======== AVAILABLE DATA ========

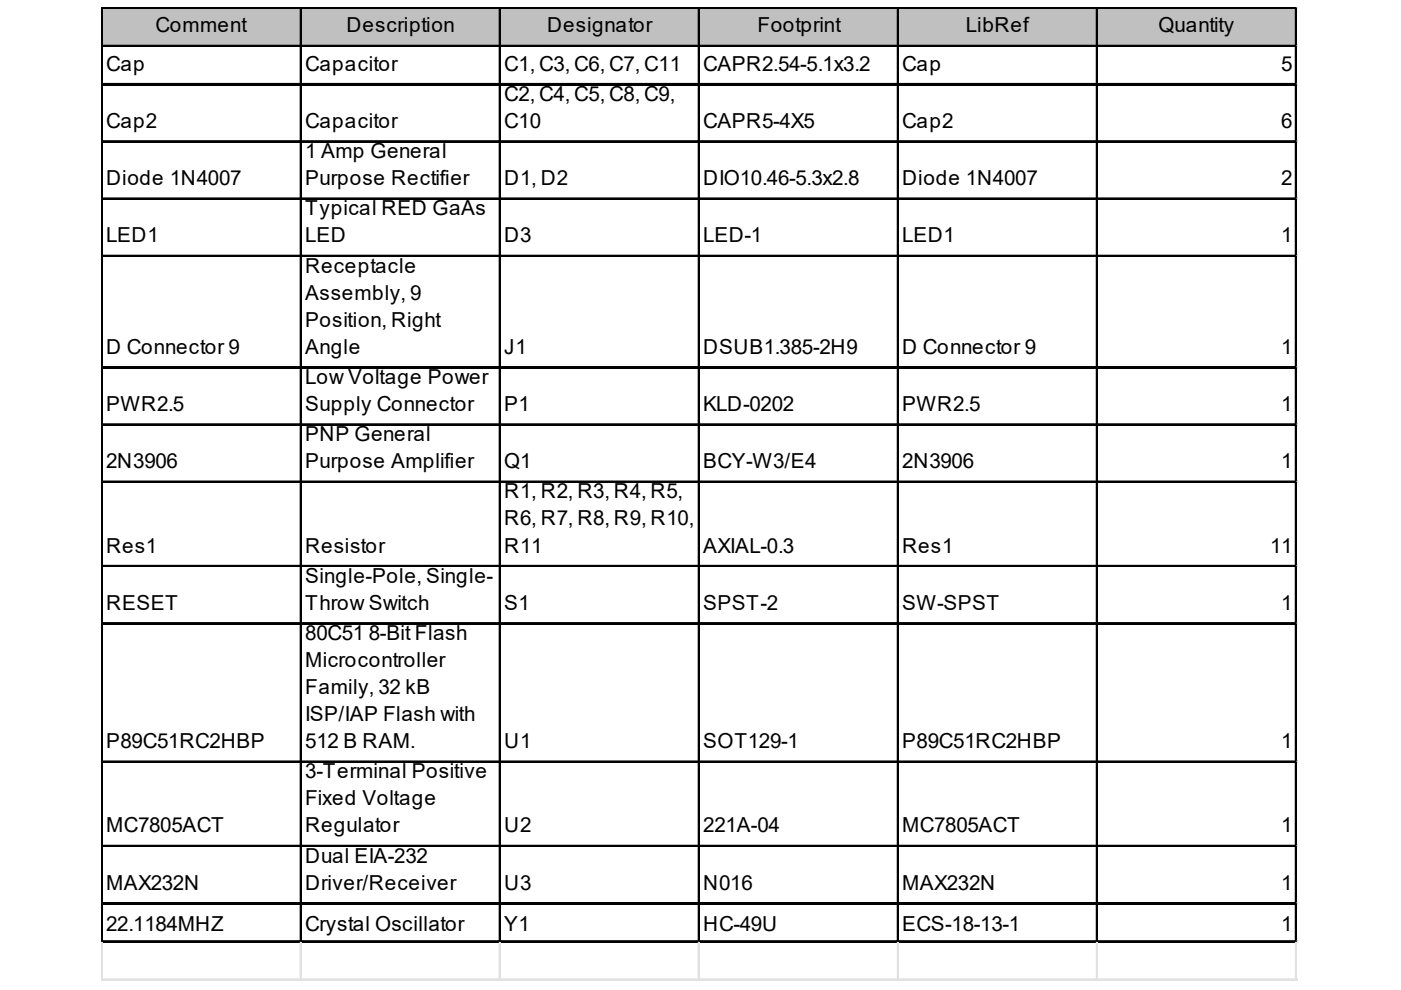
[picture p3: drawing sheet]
<svg xmlns="http://www.w3.org/2000/svg" width="297mm" height="210mm" viewBox="0 0 297 210" stroke-linecap="round" stroke-linejoin="round" font-family="sans-serif">
<defs><g id="words">
<g font-size="4.4">
<text x="33" y="6.9">Comment</text>
<text x="73.5" y="6.9">Description</text>
<text x="116" y="6.9">Designator</text>
<text x="160.6" y="6.9">Footprint</text>
<text x="204.8" y="6.9">LibRef</text>
<text x="245.7" y="6.9">Quantity</text>
<text x="22.5" y="15">Cap</text>
<text x="64.7" y="15">Capacitor</text>
<text x="106.9" y="15">C1, C3, C6, C7, C11</text>
<text x="149.1" y="15">CAPR2.54-5.1x3.2</text>
<text x="191.3" y="15">Cap</text>
<text x="271.7" y="15">5</text>
<text x="106.9" y="21.4">C2, C4, C5, C8, C9,</text>
<text x="22.5" y="27.1">Cap2</text>
<text x="64.7" y="27.1">Capacitor</text>
<text x="106.9" y="27.1">C10</text>
<text x="149.1" y="27.1">CAPR5-4X5</text>
<text x="191.3" y="27.1">Cap2</text>
<text x="271.7" y="27.1">6</text>
<text x="64.7" y="33.5">1 Amp General</text>
<text x="22.5" y="39.3">Diode 1N4007</text>
<text x="64.7" y="39.3">Purpose Rectifier</text>
<text x="106.9" y="39.3">D1, D2</text>
<text x="149.1" y="39.3">DIO10.46-5.3x2.8</text>
<text x="191.3" y="39.3">Diode 1N4007</text>
<text x="271.7" y="39.3">2</text>
<text x="64.7" y="45.7">Typical RED GaAs</text>
<text x="22.5" y="51.4">LED1</text>
<text x="64.7" y="51.4">LED</text>
<text x="106.9" y="51.4">D3</text>
<text x="149.1" y="51.4">LED-1</text>
<text x="191.3" y="51.4">LED1</text>
<text x="271.7" y="51.4">1</text>
<text x="64.7" y="57.8">Receptacle</text>
<text x="64.7" y="63.5">Assembly, 9</text>
<text x="64.7" y="69.3">Position, Right</text>
<text x="22.5" y="75">D Connector 9</text>
<text x="64.7" y="75">Angle</text>
<text x="106.9" y="75">J1</text>
<text x="149.1" y="75">DSUB1.385-2H9</text>
<text x="191.3" y="75">D Connector 9</text>
<text x="271.7" y="75">1</text>
<text x="64.7" y="81.4">Low Voltage Power</text>
<text x="22.5" y="87.1">PWR2.5</text>
<text x="64.7" y="87.1">Supply Connector</text>
<text x="106.9" y="87.1">P1</text>
<text x="149.1" y="87.1">KLD-0202</text>
<text x="191.3" y="87.1">PWR2.5</text>
<text x="271.7" y="87.1">1</text>
<text x="64.7" y="93.5">PNP General</text>
<text x="22.5" y="99.3">2N3906</text>
<text x="64.7" y="99.3">Purpose Amplifier</text>
<text x="106.9" y="99.3">Q1</text>
<text x="149.1" y="99.3">BCY-W3/E4</text>
<text x="191.3" y="99.3">2N3906</text>
<text x="271.7" y="99.3">1</text>
<text x="106.9" y="105.7">R1, R2, R3, R4, R5,</text>
<text x="106.9" y="111.4">R6, R7, R8, R9, R10,</text>
<text x="22.5" y="117.1">Res1</text>
<text x="64.7" y="117.1">Resistor</text>
<text x="106.9" y="117.1">R11</text>
<text x="149.1" y="117.1">AXIAL-0.3</text>
<text x="191.3" y="117.1">Res1</text>
<text x="269.3" y="117.1">11</text>
<text x="64.7" y="123.6">Single-Pole, Single-</text>
<text x="22.5" y="129.3">RESET</text>
<text x="64.7" y="129.3">Throw Switch</text>
<text x="106.9" y="129.3">S1</text>
<text x="149.1" y="129.3">SPST-2</text>
<text x="191.3" y="129.3">SW-SPST</text>
<text x="271.7" y="129.3">1</text>
<text x="64.7" y="135.7">80C51</text>
<text x="78.2" y="135.7">8-Bit Flash</text>
<text x="64.7" y="141.4">Microcontroller</text>
<text x="64.7" y="147.2">Family, 32 kB</text>
<text x="64.7" y="152.9">ISP/IAP Flash with</text>
<text x="22.5" y="158.6">P89C51RC2HBP</text>
<text x="64.7" y="158.6">512 B RAM.</text>
<text x="106.9" y="158.6">U1</text>
<text x="149.1" y="158.6">SOT129-1</text>
<text x="191.3" y="158.6">P89C51RC2HBP</text>
<text x="271.7" y="158.6">1</text>
<text x="64.7" y="165">3-Terminal Positive</text>
<text x="64.7" y="170.8">Fixed Voltage</text>
<text x="22.5" y="176.5">MC7805ACT</text>
<text x="64.7" y="176.5">Regulator</text>
<text x="106.9" y="176.5">U2</text>
<text x="149.1" y="176.5">221A-04</text>
<text x="191.3" y="176.5">MC7805ACT</text>
<text x="271.7" y="176.5">1</text>
<text x="64.7" y="182.9">Dual EIA-232</text>
<text x="22.5" y="188.6">MAX232N</text>
<text x="64.7" y="188.6">Driver/Receiver</text>
<text x="106.9" y="188.6">U3</text>
<text x="149.1" y="188.6">N016</text>
<text x="191.3" y="188.6">MAX232N</text>
<text x="271.7" y="188.6">1</text>
<text x="22.5" y="197.4">22.1184MHZ</text>
<text x="64.7" y="197.4">Crystal Oscillator</text>
<text x="106.9" y="197.4">Y1</text>
<text x="149.1" y="197.4">HC-49U</text>
<text x="191.3" y="197.4">ECS-18-13-1</text>
<text x="271.7" y="197.4">1</text>
</g>
</g></defs>
<path d="M21.8 1.9h253.2v8.1h-253.2z" fill="#c0c0c0"/>
<g fill="none" stroke="#000" stroke-width=".34">
<path d="M21.5 1.6v198.2M21.7 1.6v198.2M21.8 1.6h253.2M21.8 1.7h253.2M21.8 9.7h253.2M21.8 9.8h253.2M21.8 17.8h253.2M21.8 17.9h253.2M63.7 1.9v197.9M63.9 1.9v197.9M105.9 1.9v197.9M106.1 1.9v197.9"/>
<path d="M148.1 1.9v197.9M148.3 1.9v197.9M190.3 1.9v197.9M190.5 1.9v197.9M232.5 1.9v197.9M232.7 1.9v197.9M274.7 1.9v197.9M274.9 1.9v197.9M21.8 29.9h253.2M21.8 30.1h253.2M21.8 42h253.2M21.8 42.2h253.2"/>
<path d="M21.8 54.2h253.2M21.8 54.3h253.2M21.8 77.8h253.2M21.8 77.9h253.2M21.8 89.9h253.2M21.8 90.1h253.2M21.8 102.1h253.2M21.8 102.2h253.2M21.8 119.9h253.2M21.8 120.1h253.2M21.8 132.1h253.2M21.8 132.2h253.2"/>
<path d="M21.8 161.4h253.2M21.8 161.6h253.2M21.8 179.3h253.2M21.8 179.4h253.2M21.8 191.4h253.2M21.8 191.6h253.2M21.8 199.5h253.2M21.8 199.7h253.2"/>
</g>
<g fill="none" stroke="#e0e0e0" stroke-width=".34">
<path d="M275 1.6h.1M21.5 199.8v8.2M21.7 199.8v8.2M63.7 199.8v8.2M63.9 199.8v8.2M105.9 199.8v8.2M106.1 199.8v8.2M148.1 199.8v8.2M148.3 199.8v8.2M190.3 199.8v8.2M190.5 199.8v8.2M232.5 199.8v8.2"/>
<path d="M232.7 199.8v8.2M274.7 199.8v8.2M274.9 199.8v8.2"/>
</g>
<path d="M275 1.6l.1 .3z" fill="#e0e0e0"/>
<path d="M275 9.7h.1" fill="none" stroke="#e0e0e0" stroke-width=".34"/>
<path d="M275 9.7l.1 .3z" fill="#e0e0e0"/>
<path d="M275 17.8h.1" fill="none" stroke="#e0e0e0" stroke-width=".34"/>
<path d="M275 17.8l.1 .3z" fill="#e0e0e0"/>
<path d="M275 29.9h.1" fill="none" stroke="#e0e0e0" stroke-width=".34"/>
<path d="M275 29.9l.1 .3z" fill="#e0e0e0"/>
<path d="M275 42h.1" fill="none" stroke="#e0e0e0" stroke-width=".34"/>
<path d="M275 42l.1 .4z" fill="#e0e0e0"/>
<path d="M275 54.2h.1" fill="none" stroke="#e0e0e0" stroke-width=".34"/>
<path d="M275 54.2l.1 .3z" fill="#e0e0e0"/>
<path d="M275 77.8h.1" fill="none" stroke="#e0e0e0" stroke-width=".34"/>
<path d="M275 77.8l.1 .3z" fill="#e0e0e0"/>
<path d="M275 89.9h.1" fill="none" stroke="#e0e0e0" stroke-width=".34"/>
<path d="M275 89.9l.1 .4z" fill="#e0e0e0"/>
<path d="M275 102.1h.1" fill="none" stroke="#e0e0e0" stroke-width=".34"/>
<path d="M275 102.1l.1 .3z" fill="#e0e0e0"/>
<path d="M275 119.9h.1" fill="none" stroke="#e0e0e0" stroke-width=".34"/>
<path d="M275 119.9l.1 .4z" fill="#e0e0e0"/>
<path d="M275 132.1h.1" fill="none" stroke="#e0e0e0" stroke-width=".34"/>
<path d="M275 132.1l.1 .3z" fill="#e0e0e0"/>
<path d="M275 161.4h.1" fill="none" stroke="#e0e0e0" stroke-width=".34"/>
<path d="M275 161.4l.1 .3z" fill="#e0e0e0"/>
<path d="M275 179.3h.1" fill="none" stroke="#e0e0e0" stroke-width=".34"/>
<path d="M275 179.3l.1 .3z" fill="#e0e0e0"/>
<path d="M275 191.4h.1" fill="none" stroke="#e0e0e0" stroke-width=".34"/>
<path d="M275 191.4l.1 .4z" fill="#e0e0e0"/>
<path d="M275 199.5h.1" fill="none" stroke="#e0e0e0" stroke-width=".34"/>
<path d="M275 199.5l.1 .3z" fill="#e0e0e0"/>
<path d="M21.5 207.6h253.6M21.5 207.8h253.6" fill="none" stroke="#e0e0e0" stroke-width=".34"/>
<use href="#words"/>
</svg>

========

*DIRECTIONS FOR THIS TASK*. Show the lines where the word "font" appears in the entries.

*EXERCISE RESPONSE*.
<svg xmlns="http://www.w3.org/2000/svg" width="297mm" height="210mm" viewBox="0 0 297 210" stroke-linecap="round" stroke-linejoin="round" font-family="sans-serif">
<g font-size="4.4">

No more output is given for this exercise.